[Records to process Boundary: Start]
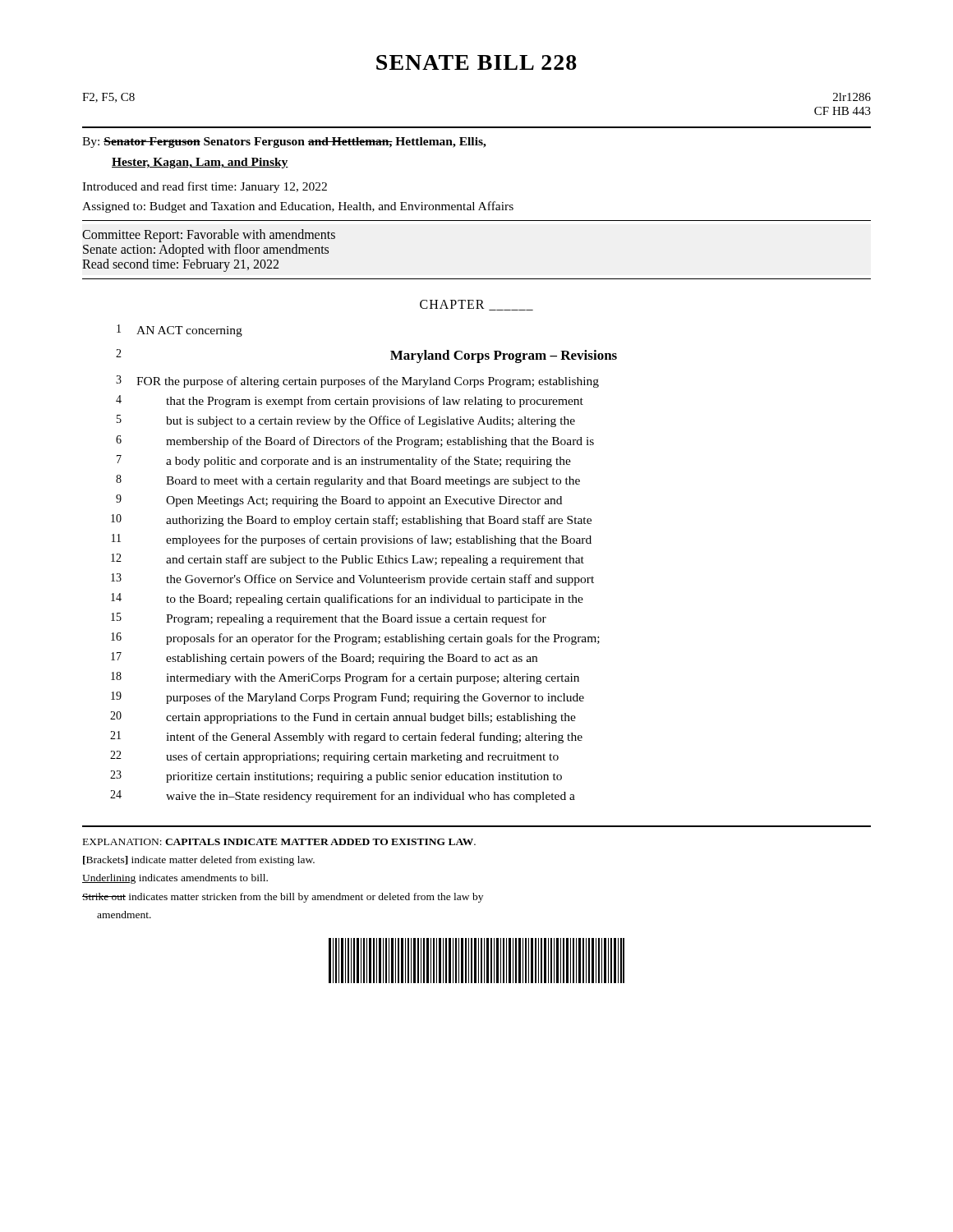Screen dimensions: 1232x953
Task: Click the passage that begins "By: Senator Ferguson Senators Ferguson and"
Action: [476, 151]
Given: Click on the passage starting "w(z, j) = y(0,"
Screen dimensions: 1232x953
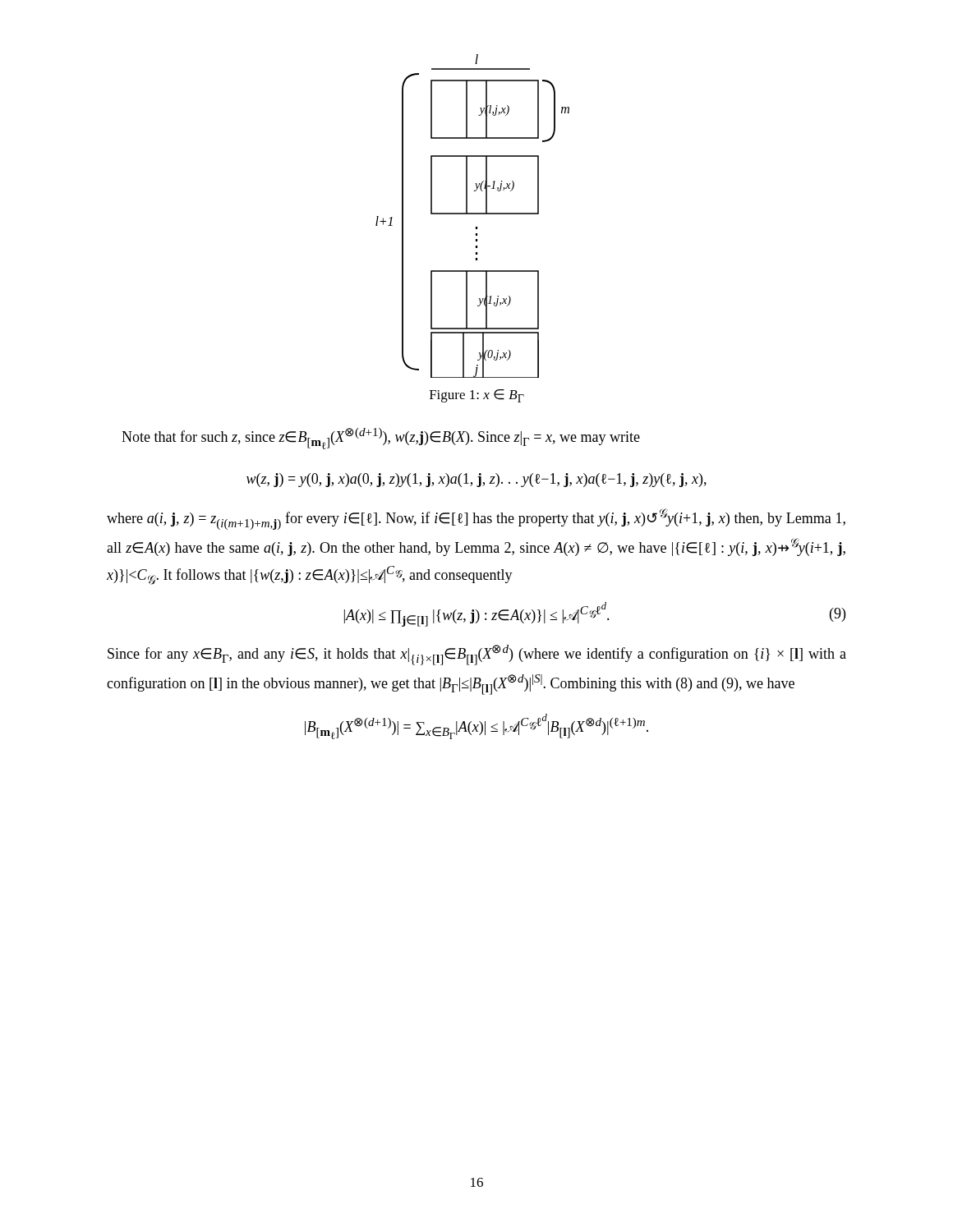Looking at the screenshot, I should pos(476,479).
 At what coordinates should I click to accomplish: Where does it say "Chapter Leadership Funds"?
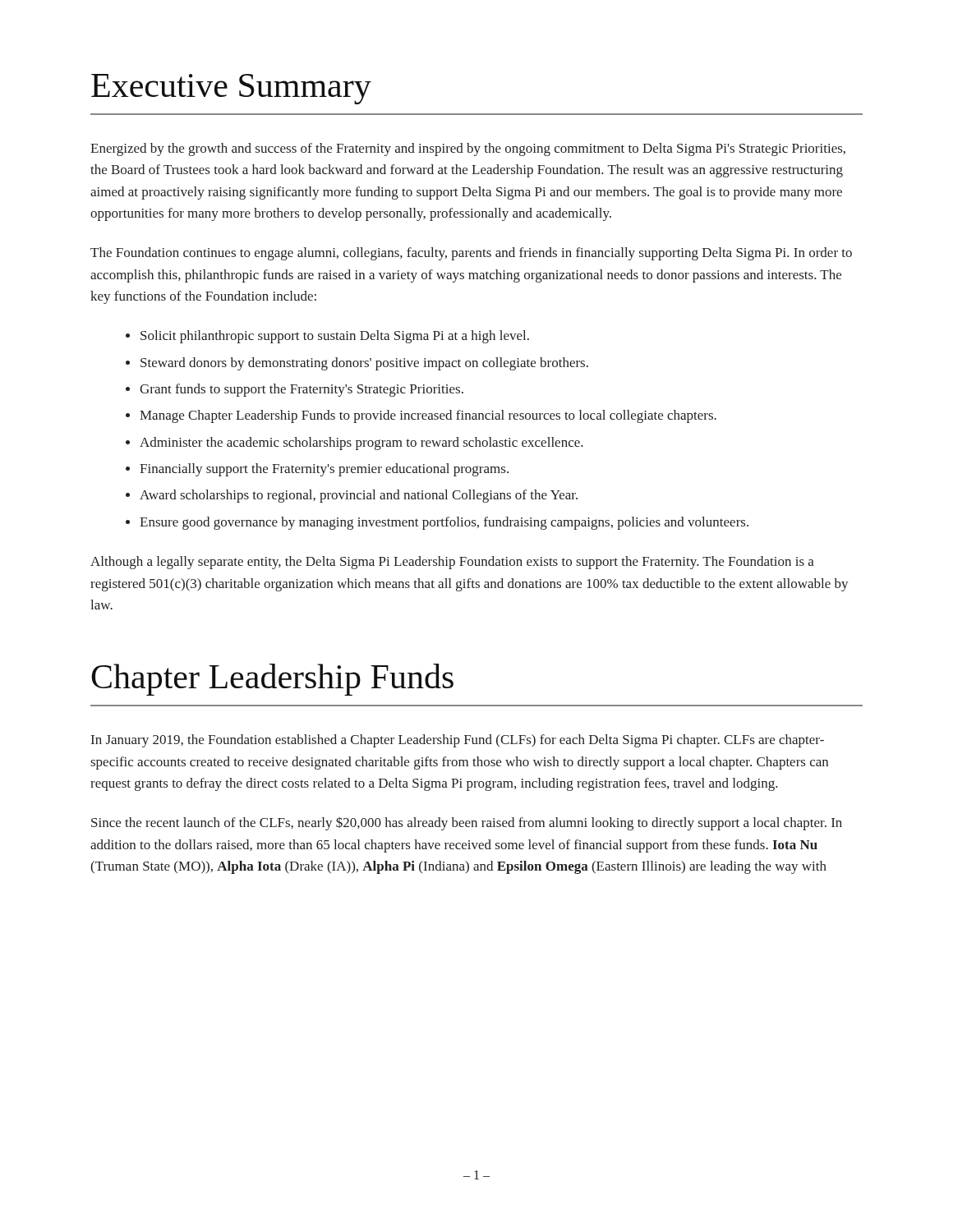pyautogui.click(x=272, y=680)
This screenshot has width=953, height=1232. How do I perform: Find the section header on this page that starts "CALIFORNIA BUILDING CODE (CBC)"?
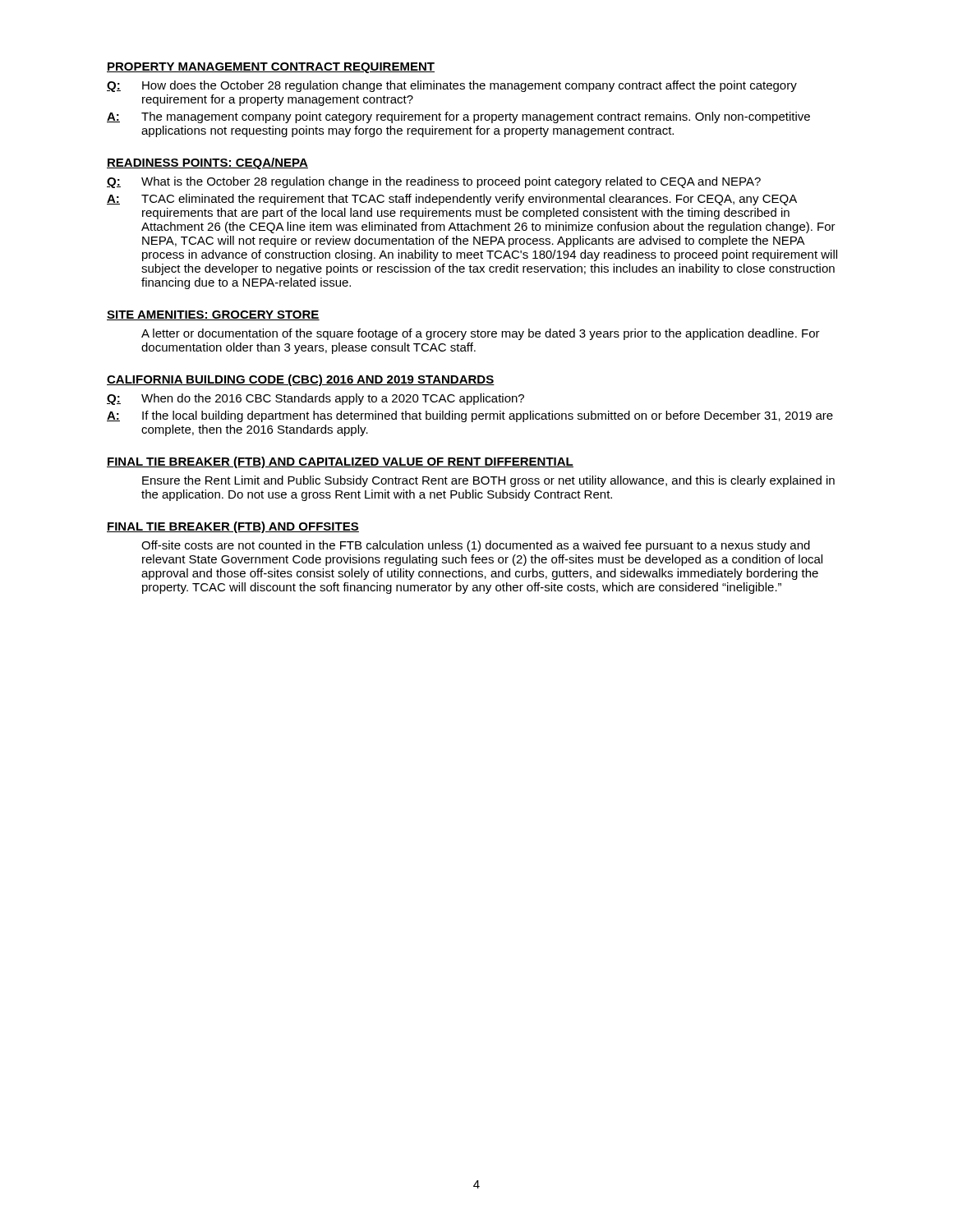(x=476, y=379)
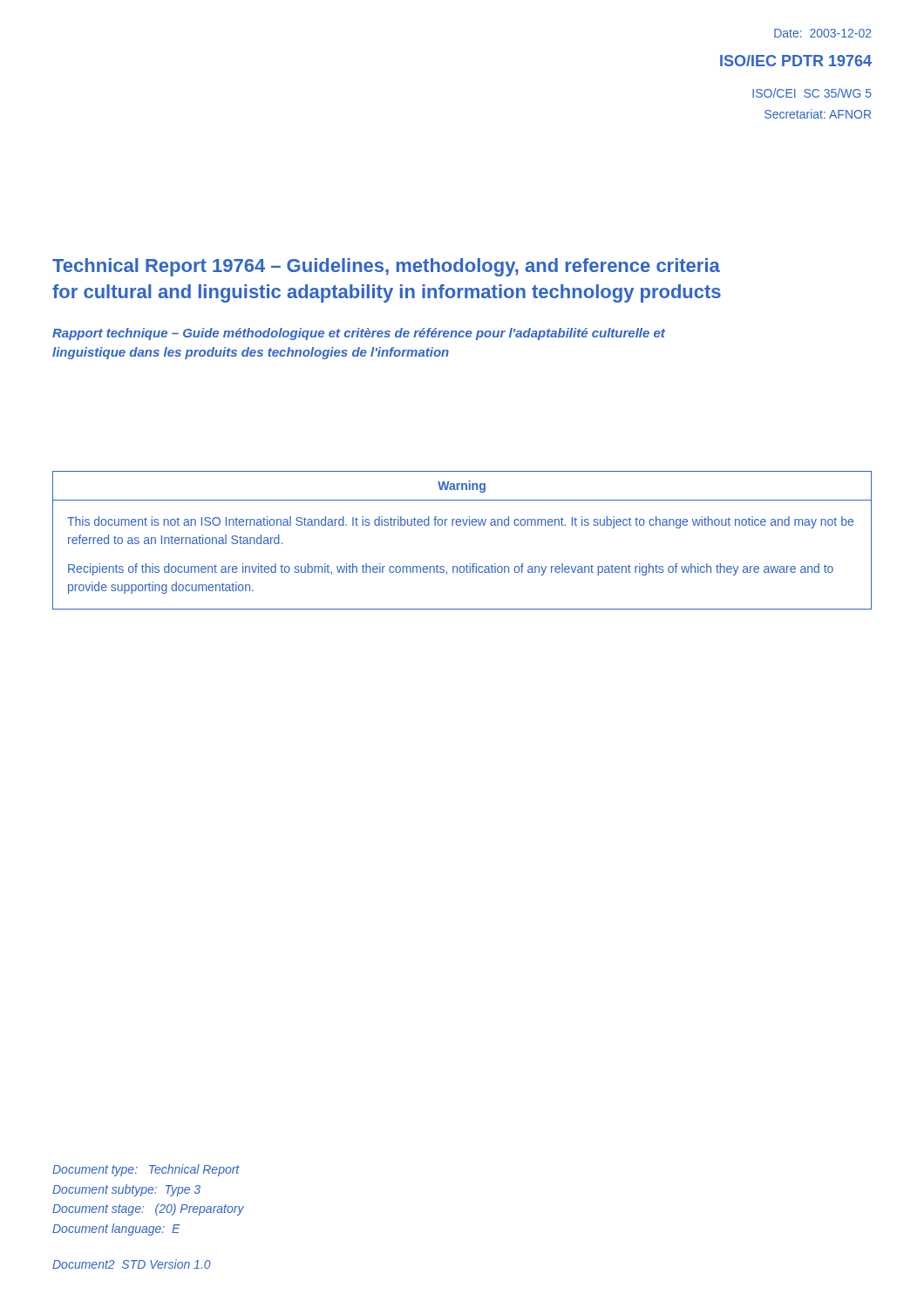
[Records to process Boundary: End]
== Directions for this task ==
Your copy must start at the line that holds "This screenshot has" and end at the last line of the data, both included; it must contain no pictures.

== Response area ==
This screenshot has width=953, height=1232. How do I perform: Find the section header on this page that starts "CALIFORNIA BUILDING CODE (CBC)"?
(x=476, y=379)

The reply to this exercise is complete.